Z kart historii Apostolstwa Chorych (cz. 2)
2015-03-27
Przyjęło się uważać, że historia każdego człowieka rozpoczyna się z chwilą jego przyjścia na świat. Nie do końca zgadzam się z tym twierdzeniem. Wszak już dziewięć miesięcy wcześniej poczyna się on pod sercem matki, a jeszcze wcześniej istnieje w marzeniach swoich rodziców, którzy w pewnym momencie postanawiają współuczestniczyć w stwórczych planach samego Boga. Marzenia te zainspirowane zostały podjętymi jeszcze wcześniej konkretnymi decyzjami i poprzedzającymi je zdarzeniami. W nieco podobny sposób można spojrzeć na historię każdego Boskiego czy ludzkiego dzieła. Także na historię Apostolstwa Chorych w Polsce.
W bliskości chorych
Gdyby przyjąć tylko pierwszy sposób datowania, trzeba by za początek Apostolstwa Chorych w naszym kraju uznać listopad 1929 roku, kiedy to pewien kapłan należącej wówczas do Polski diecezji Lwowskiej – ks.
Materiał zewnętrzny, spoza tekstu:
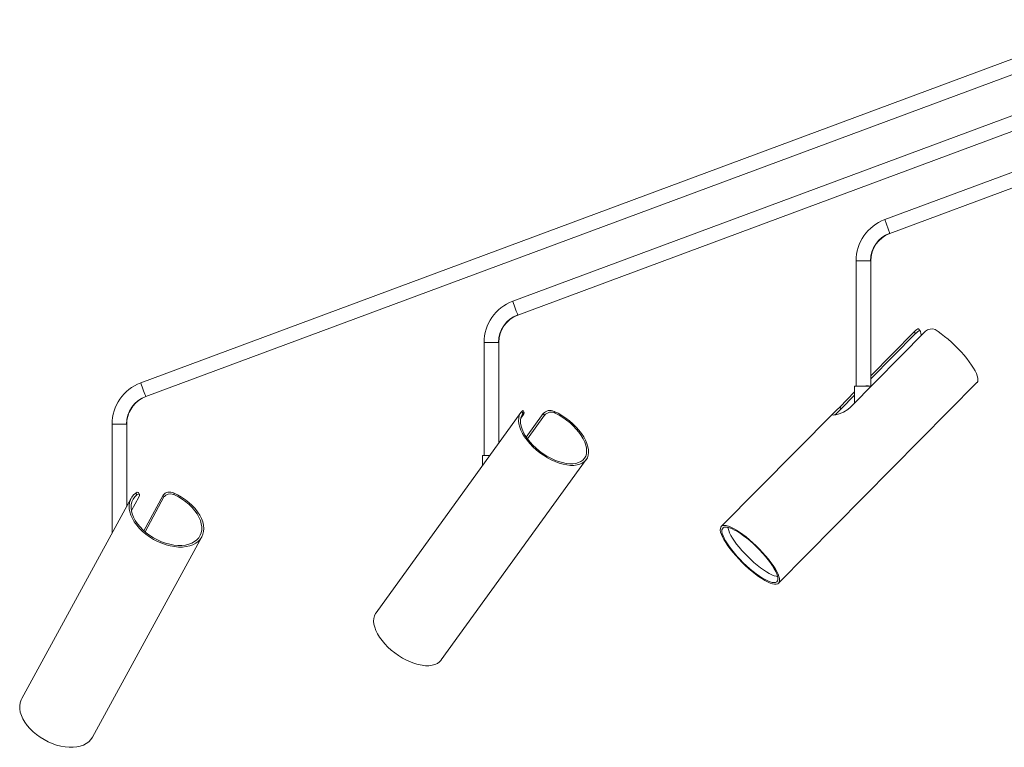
# Model space of a CAD drawing. Header units: millimetres. Extents: x -1604 to 1237, y -736 to 620.
# Tile 1 of 7: x -1565 to -893, y -710 to -214. Entities that reach past the tile are written whole.
import ezdxf

# ---------------------------------------------------------------- set-up
doc = ezdxf.new("R2010")
doc.units = ezdxf.units.MM

msp = doc.modelspace()

# ---------------------------------------------------------------- linework, layer by layer
at = {"color": 7, "linetype": 'Continuous', "lineweight": 15}
for p, q in [((-815.27, -213.58), (-1482.68, -461.47)), ((-711.27, -213.58), (-1228.68, -405.76)), ((-607.27, -213.58), (-974.68, -350.05)), ((-1479.2, -470.85), (-811.79, -222.95)), ((-1225.2, -415.13), (-707.79, -222.95)), ((-971.2, -359.42), (-603.79, -222.95)), ((-971.2, -359.42), (-974.68, -350.05)), ((-994.23, -378.17), (-994.23, -463.61)), ((-994.23, -378.17), (-984.23, -378.17)), ((-984.23, -463.61), (-984.23, -378.17)), ((-947.24, -426.68), (-998.02, -478.01)), ((-984.23, -456.54), (-954.67, -426.66)), ((-953.64, -427.84), (-984.23, -458.76)), ((-954.67, -426.66), (-953.64, -427.84)), ((-950.53, -425.93), (-951.66, -424.63)), ((-1248.23, -433.88), (-1248.23, -511.11)), ((-1248.23, -433.88), (-1238.23, -433.88)), ((-1238.23, -502.54), (-1238.23, -433.88)), ((-1047.17, -598.15), (-911.75, -461.26)), ((-995.23, -463.61), (-995.23, -475.19)), ((-989.23, -463.61), (-983.77, -463.61)), ((-985.8, -463.57), (-986.73, -463.61)), ((-985.85, -463.61), (-985.69, -463.48)), ((-985.69, -463.61), (-985.69, -463.48)), ((-1005.45, -477.99), (-995.23, -467.66)), ((-995.23, -469.88), (-1004.43, -479.17)), ((-1223.07, -481.59), (-1322.01, -618.3)), ((-1223.2, -485.62), (-1221.75, -483.62)), ((-1221.67, -482.22), (-1222.51, -480.9)), ((-1220.79, -481.59), (-1221.56, -480.38)), ((-1219.41, -498.47), (-1207.8, -482.42)), ((-1207.05, -483.6), (-1218.62, -499.59)), ((-1207.8, -482.42), (-1207.05, -483.6)), ((-1200.46, -480.88), (-1199.62, -482.2)), ((-1009.54, -481.91), (-1086.27, -559.47)), ((-1004.43, -479.17), (-1005.45, -477.99)), ((-1502.23, -489.6), (-1502.23, -564.07)), ((-1502.23, -489.6), (-1492.23, -489.6)), ((-1492.23, -545.78), (-1492.23, -489.6)), ((-1277.45, -650.55), (-1178.51, -513.83)), ((-1249.23, -511.11), (-1249.23, -517.74)), ((-1485.4, -537.94), (-1486.03, -536.62)), ((-1483.55, -537.56), (-1484.12, -536.36)), ((-1460.27, -536.6), (-1459.63, -537.92)), ((-1489.2, -540.24), (-1563.93, -676.94)), ((-1488.99, -548.58), (-1483.94, -539.34)), ((-1480.55, -562.32), (-1467.33, -538.15)), ((-1466.77, -539.33), (-1479.73, -563.04)), ((-1467.33, -538.15), (-1466.77, -539.33)), ((-1515.67, -703.32), (-1440.94, -566.63))]:
    msp.add_line(p, q, dxfattribs=at)
at = {"color": 8, "linetype": 'Continuous', "lineweight": 15}
for p, q in [((-994.15, -378.17), (-994.23, -378.17)), ((-1248.15, -433.88), (-1248.23, -433.88)), ((-1502.15, -489.6), (-1502.23, -489.6))]:
    msp.add_line(p, q, dxfattribs=at)
at = {"color": 7, "linetype": 'Continuous', "lineweight": 15, "flags": 128}
for points in [[(-1225.2, -415.13), (-1225.27, -414.95), (-1225.47, -414.39), (-1225.79, -413.52), (-1226.21, -412.4), (-1226.69, -411.12), (-1227.18, -409.79), (-1227.66, -408.5), (-1228.07, -407.38), (-1228.4, -406.51), (-1228.61, -405.95), (-1228.68, -405.76)], [(-954.67, -426.66), (-953.65, -425.66), (-952.78, -424.93), (-952.14, -424.55), (-951.71, -424.58), (-951.68, -424.65)], [(-950.36, -426.43), (-950.75, -425.77), (-951.34, -425.88), (-952.22, -426.5), (-953.24, -427.43), (-953.64, -427.84)], [(-949.59, -429.06), (-950.04, -427.81), (-950.36, -426.43)], [(-940.36, -425.13), (-941.93, -424.58), (-943.77, -424.68), (-945.43, -425.32), (-946.79, -426.26), (-947.24, -426.68)], [(-940.36, -425.13), (-938.25, -426.49), (-936.04, -428.05), (-933.77, -429.78), (-931.47, -431.67), (-929.17, -433.7), (-926.89, -435.83), (-924.67, -438.05), (-922.54, -440.31), (-920.52, -442.59), (-918.65, -444.87), (-916.93, -447.1), (-915.4, -449.27), (-914.08, -451.35), (-912.98, -453.3), (-912.12, -455.1), (-911.51, -456.74), (-911.16, -458.18), (-911.06, -459.41), (-911.23, -460.41), (-911.66, -461.17), (-911.75, -461.26)], [(-1479.2, -470.85), (-1479.27, -470.66), (-1479.47, -470.11), (-1479.79, -469.23), (-1480.21, -468.11), (-1480.69, -466.83), (-1481.18, -465.5), (-1481.66, -464.22), (-1482.07, -463.1), (-1482.4, -462.22), (-1482.61, -461.67), (-1482.68, -461.47)], [(-994.23, -463.6), (-994.66, -463.6), (-995.13, -463.61), (-995.22, -463.61), (-994.94, -463.61), (-994.3, -463.61), (-993.34, -463.61), (-992.12, -463.61), (-990.72, -463.61), (-989.23, -463.61)], [(-983.77, -463.6), (-983.8, -463.6), (-984.23, -463.6)], [(-1481.81, -472.04), (-1481.66, -471.96), (-1479.2, -470.85)], [(-1222.51, -480.9), (-1223.5, -482.26), (-1224.2, -483.81), (-1224.59, -485.55), (-1224.68, -487.45), (-1224.46, -489.47), (-1223.93, -491.61), (-1223.09, -493.82), (-1221.97, -496.09), (-1220.58, -498.37), (-1218.92, -500.65), (-1217.04, -502.89), (-1214.94, -505.06), (-1212.66, -507.14), (-1210.22, -509.09), (-1207.66, -510.9), (-1205.01, -512.54), (-1202.31, -513.98), (-1199.59, -515.21), (-1196.88, -516.22), (-1194.22, -516.98), (-1191.65, -517.49), (-1189.2, -517.75), (-1186.9, -517.75), (-1184.78, -517.49), (-1182.86, -516.97), (-1181.18, -516.2), (-1179.75, -515.19), (-1178.6, -513.95), (-1177.73, -512.51), (-1177.17, -510.87), (-1176.91, -509.06), (-1176.96, -507.1), (-1177.32, -505.03), (-1177.98, -502.85), (-1178.94, -500.61), (-1180.19, -498.33), (-1181.7, -496.05), (-1183.45, -493.78), (-1185.44, -491.57), (-1187.62, -489.44), (-1189.98, -487.41), (-1192.47, -485.52), (-1195.07, -483.78), (-1197.75, -482.23), (-1200.46, -480.88)], [(-1221.67, -482.22), (-1222.54, -483.61), (-1223.11, -485.2), (-1223.37, -486.96), (-1223.32, -488.87), (-1222.96, -490.9), (-1222.29, -493.02), (-1221.33, -495.21), (-1220.08, -497.43), (-1218.57, -499.66), (-1216.81, -501.86), (-1214.83, -504), (-1212.66, -506.06), (-1210.32, -508), (-1207.86, -509.8), (-1205.29, -511.43), (-1202.66, -512.87), (-1200.01, -514.11), (-1197.37, -515.11), (-1194.77, -515.88), (-1192.26, -516.4), (-1189.87, -516.66), (-1187.62, -516.65), (-1185.56, -516.39), (-1183.71, -515.87), (-1182.09, -515.1), (-1180.73, -514.09), (-1179.65, -512.85), (-1178.86, -511.4), (-1178.37, -509.77), (-1178.19, -507.97), (-1178.33, -506.02), (-1178.77, -503.97), (-1179.52, -501.82), (-1180.56, -499.62), (-1181.88, -497.39), (-1183.46, -495.17), (-1185.28, -492.98), (-1187.31, -490.86), (-1189.53, -488.83), (-1191.9, -486.93), (-1194.4, -485.17), (-1196.99, -483.59), (-1199.62, -482.2)], [(-1222.51, -480.9), (-1221.85, -480.34), (-1221.61, -480.42)], [(-1221.75, -483.62), (-1221.12, -482.64), (-1220.8, -481.93), (-1220.81, -481.57), (-1221.09, -481.63), (-1221.67, -482.22)], [(-1005.45, -477.99), (-1007.54, -480.03), (-1009.22, -481.6), (-1010.26, -482.71), (-1010.34, -483.34), (-1009.7, -483.47), (-1008.04, -483.25), (-1005.68, -482.59), (-1002.82, -481.4), (-999.87, -479.61), (-998.02, -478.01)], [(-1248.23, -511.11), (-1248.4, -511.11), (-1248.99, -511.11), (-1249.23, -511.11), (-1249.09, -511.11), (-1248.58, -511.11), (-1247.73, -511.12), (-1246.6, -511.12), (-1245.26, -511.12), (-1244.44, -511.12)], [(-1486.03, -536.62), (-1487.55, -537.97), (-1488.78, -539.53), (-1489.7, -541.27), (-1490.29, -543.16), (-1490.57, -545.19), (-1490.51, -547.33), (-1490.12, -549.54), (-1489.4, -551.81), (-1488.37, -554.09), (-1487.04, -556.37), (-1485.42, -558.61), (-1483.54, -560.78), (-1481.42, -562.86), (-1479.08, -564.81), (-1476.57, -566.62), (-1473.9, -568.26), (-1471.12, -569.7), (-1468.27, -570.93), (-1465.37, -571.94), (-1462.46, -572.7), (-1459.59, -573.22), (-1456.8, -573.48), (-1454.11, -573.48), (-1451.56, -573.21), (-1449.19, -572.69), (-1447.02, -571.93), (-1445.09, -570.92), (-1443.41, -569.68), (-1442.02, -568.24), (-1440.93, -566.6), (-1440.15, -564.79), (-1439.69, -562.83), (-1439.57, -560.75), (-1439.77, -558.58), (-1440.31, -556.34), (-1441.16, -554.06), (-1442.33, -551.78), (-1443.79, -549.51), (-1445.52, -547.3), (-1447.51, -545.16), (-1449.73, -543.14), (-1452.15, -541.24), (-1454.73, -539.51), (-1457.45, -537.95), (-1460.27, -536.6)], [(-1486.03, -536.62), (-1485, -536.06), (-1484.26, -536.16), (-1484.19, -536.39)], [(-1483.94, -539.34), (-1483.54, -538.36), (-1483.51, -537.65), (-1483.84, -537.29), (-1484.46, -537.35), (-1485.4, -537.94)], [(-1459.63, -537.92), (-1462.09, -537.26), (-1463.87, -537.37), (-1465.45, -537.99), (-1466.5, -538.92), (-1466.77, -539.33)], [(-1485.4, -537.94), (-1486.78, -539.33), (-1487.86, -540.92), (-1488.63, -542.68), (-1489.07, -544.59), (-1489.19, -546.62), (-1488.97, -548.74), (-1488.42, -550.93), (-1487.54, -553.15), (-1486.36, -555.38), (-1484.89, -557.58), (-1483.14, -559.72), (-1481.14, -561.78), (-1478.92, -563.72), (-1476.51, -565.52), (-1473.94, -567.15), (-1471.25, -568.59), (-1468.47, -569.83), (-1465.65, -570.84), (-1462.82, -571.6), (-1460.02, -572.12), (-1457.29, -572.38), (-1454.67, -572.38), (-1452.19, -572.12), (-1449.89, -571.6), (-1447.79, -570.82), (-1445.94, -569.81), (-1444.35, -568.58), (-1443.05, -567.13), (-1442.05, -565.5), (-1441.37, -563.69), (-1441.01, -561.75), (-1440.99, -559.69), (-1441.3, -557.55), (-1441.93, -555.35), (-1442.89, -553.12), (-1444.15, -550.9), (-1445.7, -548.71), (-1447.52, -546.59), (-1449.58, -544.56), (-1451.86, -542.65), (-1454.31, -540.9), (-1456.92, -539.31), (-1459.63, -537.92)], [(-1084.18, -558.76), (-1082.9, -558.9), (-1081.41, -559.29), (-1079.73, -559.94), (-1077.88, -560.83), (-1075.89, -561.96), (-1073.77, -563.31), (-1071.56, -564.86), (-1069.29, -566.59), (-1066.98, -568.48), (-1064.68, -570.51), (-1062.39, -572.64), (-1060.17, -574.86), (-1058.03, -577.12), (-1056, -579.41), (-1054.11, -581.69), (-1052.39, -583.94), (-1050.86, -586.11), (-1049.53, -588.19), (-1048.42, -590.15), (-1047.55, -591.96), (-1046.94, -593.6), (-1046.58, -595.05), (-1046.48, -596.28), (-1046.65, -597.29), (-1047.08, -598.06), (-1047.76, -598.57), (-1048.7, -598.83), (-1049.86, -598.83), (-1051.25, -598.56), (-1052.84, -598.04), (-1054.61, -597.27), (-1056.53, -596.26), (-1058.59, -595.02), (-1060.76, -593.56), (-1063, -591.92), (-1065.3, -590.11), (-1067.61, -588.14), (-1069.9, -586.06), (-1072.16, -583.88), (-1074.35, -581.64), (-1076.44, -579.36), (-1078.4, -577.07), (-1080.2, -574.8), (-1081.84, -572.59), (-1083.27, -570.46), (-1084.49, -568.43), (-1085.48, -566.55), (-1086.22, -564.82), (-1086.71, -563.27), (-1086.94, -561.93), (-1086.9, -560.81), (-1086.6, -559.92), (-1086.04, -559.28), (-1085.23, -558.89), (-1084.18, -558.76)], [(-1083.23, -559.86), (-1084.24, -559.98), (-1085.01, -560.36), (-1085.54, -560.99), (-1085.81, -561.86), (-1085.82, -562.96), (-1085.58, -564.27), (-1085.08, -565.78), (-1084.33, -567.47), (-1083.34, -569.31), (-1082.13, -571.28), (-1080.71, -573.35), (-1079.1, -575.49), (-1077.32, -577.68), (-1075.4, -579.89), (-1073.37, -582.08), (-1071.24, -584.22), (-1069.05, -586.3), (-1066.83, -588.27), (-1064.61, -590.11), (-1062.41, -591.8), (-1060.28, -593.32), (-1058.23, -594.63), (-1056.3, -595.74), (-1054.5, -596.62), (-1052.88, -597.25), (-1051.44, -597.64), (-1050.2, -597.77), (-1049.19, -597.64), (-1048.42, -597.26), (-1047.89, -596.63), (-1047.62, -595.76), (-1047.61, -594.66), (-1047.86, -593.35), (-1048.36, -591.84), (-1049.1, -590.15), (-1050.09, -588.31), (-1051.3, -586.34), (-1052.72, -584.27), (-1054.33, -582.13), (-1056.11, -579.94), (-1058.03, -577.74), (-1060.07, -575.55), (-1062.2, -573.4), (-1064.38, -571.33), (-1066.61, -569.36), (-1068.83, -567.51), (-1071.02, -565.82), (-1073.16, -564.31), (-1075.2, -562.99), (-1077.14, -561.88), (-1078.93, -561.01), (-1080.56, -560.37), (-1082, -559.99), (-1083.23, -559.86)], [(-1081.71, -560.05), (-1081.61, -560.8), (-1081.23, -562.19), (-1080.6, -563.77), (-1079.73, -565.51), (-1078.63, -567.4), (-1077.32, -569.39), (-1075.8, -571.47), (-1074.12, -573.6), (-1072.28, -575.76), (-1070.31, -577.91), (-1068.25, -580.03), (-1066.12, -582.08), (-1063.95, -584.04), (-1061.77, -585.88), (-1059.61, -587.57), (-1057.51, -589.08), (-1055.49, -590.41), (-1053.57, -591.53), (-1051.8, -592.41), (-1050.18, -593.07), (-1048.75, -593.47), (-1047.79, -593.6)], [(-1322.01, -618.3), (-1322.4, -618.9), (-1323.12, -620.45), (-1323.53, -622.18), (-1323.63, -624.08), (-1323.41, -626.11), (-1322.89, -628.24), (-1322.07, -630.46), (-1320.96, -632.73), (-1319.57, -635.02), (-1317.92, -637.3), (-1316.03, -639.55), (-1313.93, -641.73), (-1311.65, -643.81), (-1309.21, -645.77), (-1306.65, -647.59), (-1303.99, -649.23), (-1301.28, -650.68), (-1298.56, -651.91), (-1295.84, -652.92), (-1293.18, -653.69), (-1290.6, -654.21), (-1288.14, -654.47), (-1285.84, -654.46), (-1283.71, -654.2), (-1281.79, -653.68), (-1280.11, -652.91), (-1278.68, -651.89), (-1277.53, -650.65), (-1277.45, -650.55)], [(-1563.93, -676.94), (-1564.39, -677.88), (-1565, -679.78), (-1565.29, -681.8), (-1565.24, -683.94), (-1564.86, -686.16), (-1564.16, -688.43), (-1563.13, -690.72), (-1561.81, -693), (-1560.19, -695.25), (-1558.31, -697.43), (-1556.19, -699.51), (-1553.86, -701.47), (-1551.34, -703.29), (-1548.67, -704.93), (-1545.88, -706.38), (-1543.02, -707.62), (-1540.12, -708.63), (-1537.21, -709.39), (-1534.33, -709.91), (-1531.53, -710.17), (-1528.83, -710.17), (-1526.28, -709.91), (-1523.9, -709.39), (-1521.73, -708.61), (-1519.79, -707.6), (-1518.12, -706.36), (-1516.73, -704.91), (-1515.67, -703.32)]]:
    msp.add_lwpolyline(points, dxfattribs=at)
at = {"color": 7, "linetype": 'Continuous', "lineweight": 15}
for centre, radius, start, end in [((-964.23, -378.17), 30, 110.37647, 179.99999), ((-964.23, -378.17), 20.09, 110.37631, 180.00089), ((-964.23, -378.17), 20, 110.37647, 179.99999), ((-1218.23, -433.88), 30, 110.37644, 179.99999), ((-1218.23, -433.88), 20.09, 110.37662, 180.00096), ((-1218.23, -433.88), 20, 110.37644, 179.99999), ((-1472.23, -489.6), 30, 110.37644, 179.99999), ((-998.32, -160.92), 302.82, 271.67159, 272.39001), ((-1472.23, -489.6), 20.09, 110.37662, 180.00096), ((-1472.23, -489.6), 20, 119.43709, 179.99999), ((-1203.15, -486.34), 6.08, 63.82446, 139.97751), ((-1202.5, -487.34), 5.89, 60.7525, 140.6593), ((-1044.31, -441.55), 54.83, 310.48194, 316.67013), ((-1462.9, -541.5), 5.56, 61.77773, 142.9045)]:
    msp.add_arc(centre, radius, start, end, dxfattribs=at)

doc.saveas('drawing.dxf')

Michał Rękas skierował do kurii prośbę o erygowanie Apostolstwa Chorych na terenie całego naszego kraju, albo datę 12 maja 1930 roku, gdy ówczesny Metropolita Lwowski ks. Arcybiskup Bolesław Twardowski oficjalnie erygował Sekretariat Apostolstwa Chorych w Polsce z siedzibą w najstarszej po Gnieźnie metropolii w przedwojennej Polsce, ustanawiając jego pierwszym sekretarzem ks. dr. Michała Rękasa. W rzeczywistości początków Apostolstwa Chorych należy szukać nieco wcześniej.
Kiedy z natchnienia ks. Jakuba Willenborga powstało i rozwijało się Apostolstwo Chorych w Holandii, innego kapłana w Polsce Opatrzność Boża przygotowywała do przeszczepienia tego dzieła na polski grunt. Ksiądz Michał Rękas – bo właśnie o nim mowa – przyszedł na świat w 1895 roku we wsi Łany Polskie w woj. tarnopolskim.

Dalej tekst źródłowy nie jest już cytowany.